### Required work
Find every line in the records below that contains "UIApplicationWillResignActiveNotification", and copy it.

[Data under study]

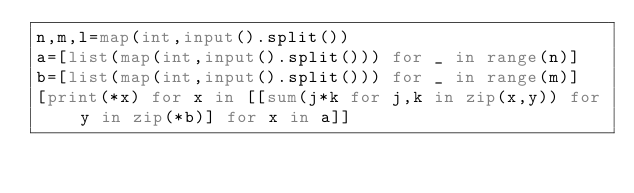Convert code to text. <code><loc_0><loc_0><loc_500><loc_500><_Python_>n,m,l=map(int,input().split())
a=[list(map(int,input().split())) for _ in range(n)]
b=[list(map(int,input().split())) for _ in range(m)]
[print(*x) for x in [[sum(j*k for j,k in zip(x,y)) for y in zip(*b)] for x in a]]
</code> 
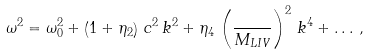Convert formula to latex. <formula><loc_0><loc_0><loc_500><loc_500>\omega ^ { 2 } = \omega _ { 0 } ^ { 2 } + \left ( 1 + \eta _ { 2 } \right ) \, c ^ { 2 } \, k ^ { 2 } + \eta _ { 4 } \, \left ( \frac { } { M _ { L I V } } \right ) ^ { 2 } \, k ^ { 4 } + \dots \, ,</formula> 
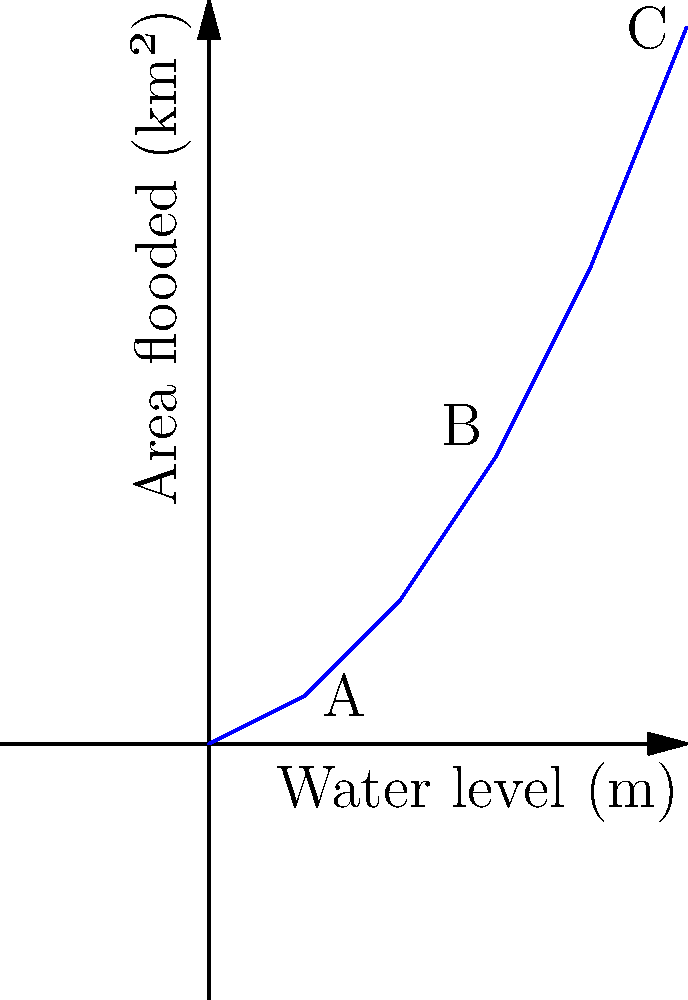Ein Staudammprojekt wird in einem Tal geplant. Die Grafik zeigt die Beziehung zwischen Wasserspiegel und überfluteter Fläche. Wenn der Wasserspiegel von Punkt A auf Punkt C ansteigt, um wie viel Prozent nimmt die überflutete Fläche zu? Um diese Frage zu beantworten, gehen wir schrittweise vor:

1. Identifizieren der relevanten Punkte:
   Punkt A: (10 m, 5 km²)
   Punkt C: (50 m, 75 km²)

2. Berechnen der Differenz der überfluteten Fläche:
   $\Delta \text{Fläche} = 75 \text{ km}² - 5 \text{ km}² = 70 \text{ km}²$

3. Berechnen der prozentualen Zunahme:
   $\text{Prozentuale Zunahme} = \frac{\Delta \text{Fläche}}{\text{Ursprungsfläche}} \times 100\%$
   $= \frac{70 \text{ km}²}{5 \text{ km}²} \times 100\% = 14 \times 100\% = 1400\%$

4. Überprüfen der Plausibilität:
   Die überflutete Fläche steigt von 5 km² auf 75 km², was einer Zunahme um das 15-fache entspricht. Dies stimmt mit unserer Berechnung von 1400% überein.
Answer: 1400% 
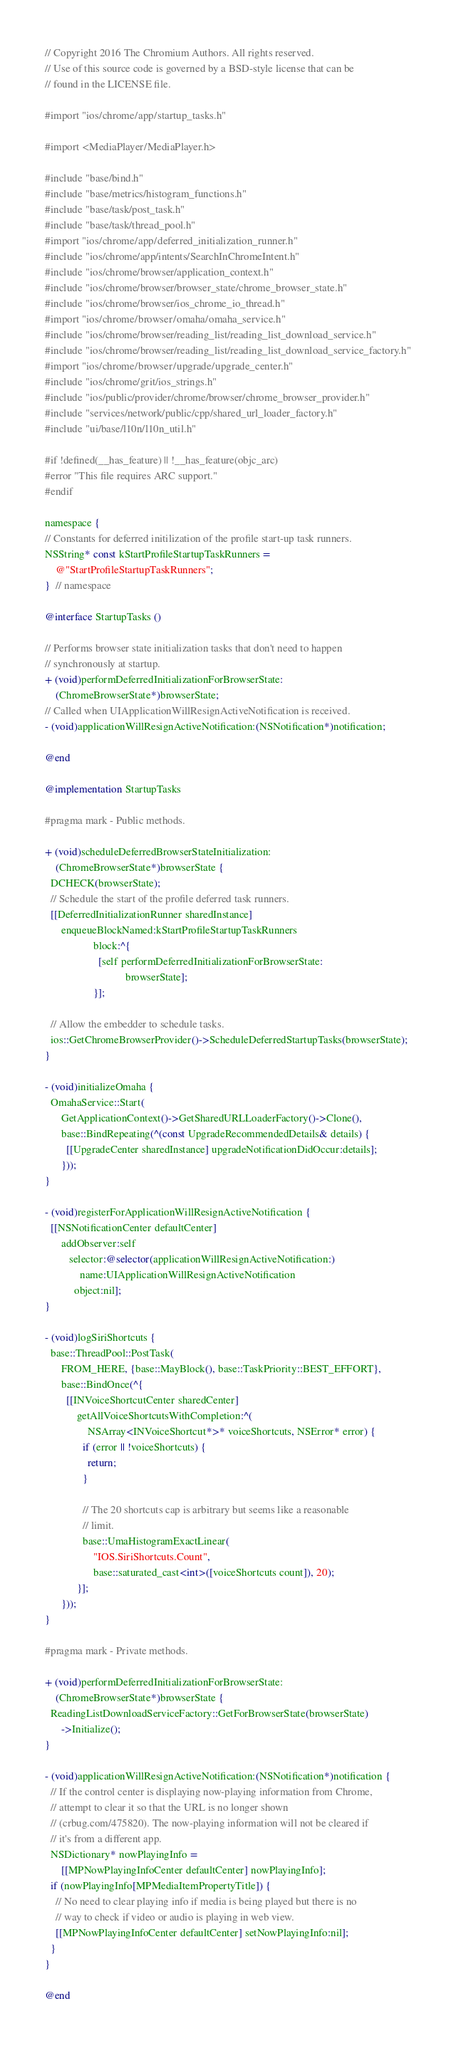Convert code to text. <code><loc_0><loc_0><loc_500><loc_500><_ObjectiveC_>// Copyright 2016 The Chromium Authors. All rights reserved.
// Use of this source code is governed by a BSD-style license that can be
// found in the LICENSE file.

#import "ios/chrome/app/startup_tasks.h"

#import <MediaPlayer/MediaPlayer.h>

#include "base/bind.h"
#include "base/metrics/histogram_functions.h"
#include "base/task/post_task.h"
#include "base/task/thread_pool.h"
#import "ios/chrome/app/deferred_initialization_runner.h"
#include "ios/chrome/app/intents/SearchInChromeIntent.h"
#include "ios/chrome/browser/application_context.h"
#include "ios/chrome/browser/browser_state/chrome_browser_state.h"
#include "ios/chrome/browser/ios_chrome_io_thread.h"
#import "ios/chrome/browser/omaha/omaha_service.h"
#include "ios/chrome/browser/reading_list/reading_list_download_service.h"
#include "ios/chrome/browser/reading_list/reading_list_download_service_factory.h"
#import "ios/chrome/browser/upgrade/upgrade_center.h"
#include "ios/chrome/grit/ios_strings.h"
#include "ios/public/provider/chrome/browser/chrome_browser_provider.h"
#include "services/network/public/cpp/shared_url_loader_factory.h"
#include "ui/base/l10n/l10n_util.h"

#if !defined(__has_feature) || !__has_feature(objc_arc)
#error "This file requires ARC support."
#endif

namespace {
// Constants for deferred initilization of the profile start-up task runners.
NSString* const kStartProfileStartupTaskRunners =
    @"StartProfileStartupTaskRunners";
}  // namespace

@interface StartupTasks ()

// Performs browser state initialization tasks that don't need to happen
// synchronously at startup.
+ (void)performDeferredInitializationForBrowserState:
    (ChromeBrowserState*)browserState;
// Called when UIApplicationWillResignActiveNotification is received.
- (void)applicationWillResignActiveNotification:(NSNotification*)notification;

@end

@implementation StartupTasks

#pragma mark - Public methods.

+ (void)scheduleDeferredBrowserStateInitialization:
    (ChromeBrowserState*)browserState {
  DCHECK(browserState);
  // Schedule the start of the profile deferred task runners.
  [[DeferredInitializationRunner sharedInstance]
      enqueueBlockNamed:kStartProfileStartupTaskRunners
                  block:^{
                    [self performDeferredInitializationForBrowserState:
                              browserState];
                  }];

  // Allow the embedder to schedule tasks.
  ios::GetChromeBrowserProvider()->ScheduleDeferredStartupTasks(browserState);
}

- (void)initializeOmaha {
  OmahaService::Start(
      GetApplicationContext()->GetSharedURLLoaderFactory()->Clone(),
      base::BindRepeating(^(const UpgradeRecommendedDetails& details) {
        [[UpgradeCenter sharedInstance] upgradeNotificationDidOccur:details];
      }));
}

- (void)registerForApplicationWillResignActiveNotification {
  [[NSNotificationCenter defaultCenter]
      addObserver:self
         selector:@selector(applicationWillResignActiveNotification:)
             name:UIApplicationWillResignActiveNotification
           object:nil];
}

- (void)logSiriShortcuts {
  base::ThreadPool::PostTask(
      FROM_HERE, {base::MayBlock(), base::TaskPriority::BEST_EFFORT},
      base::BindOnce(^{
        [[INVoiceShortcutCenter sharedCenter]
            getAllVoiceShortcutsWithCompletion:^(
                NSArray<INVoiceShortcut*>* voiceShortcuts, NSError* error) {
              if (error || !voiceShortcuts) {
                return;
              }

              // The 20 shortcuts cap is arbitrary but seems like a reasonable
              // limit.
              base::UmaHistogramExactLinear(
                  "IOS.SiriShortcuts.Count",
                  base::saturated_cast<int>([voiceShortcuts count]), 20);
            }];
      }));
}

#pragma mark - Private methods.

+ (void)performDeferredInitializationForBrowserState:
    (ChromeBrowserState*)browserState {
  ReadingListDownloadServiceFactory::GetForBrowserState(browserState)
      ->Initialize();
}

- (void)applicationWillResignActiveNotification:(NSNotification*)notification {
  // If the control center is displaying now-playing information from Chrome,
  // attempt to clear it so that the URL is no longer shown
  // (crbug.com/475820). The now-playing information will not be cleared if
  // it's from a different app.
  NSDictionary* nowPlayingInfo =
      [[MPNowPlayingInfoCenter defaultCenter] nowPlayingInfo];
  if (nowPlayingInfo[MPMediaItemPropertyTitle]) {
    // No need to clear playing info if media is being played but there is no
    // way to check if video or audio is playing in web view.
    [[MPNowPlayingInfoCenter defaultCenter] setNowPlayingInfo:nil];
  }
}

@end
</code>

[/Data under study]

### Result of the task
// Called when UIApplicationWillResignActiveNotification is received.
             name:UIApplicationWillResignActiveNotification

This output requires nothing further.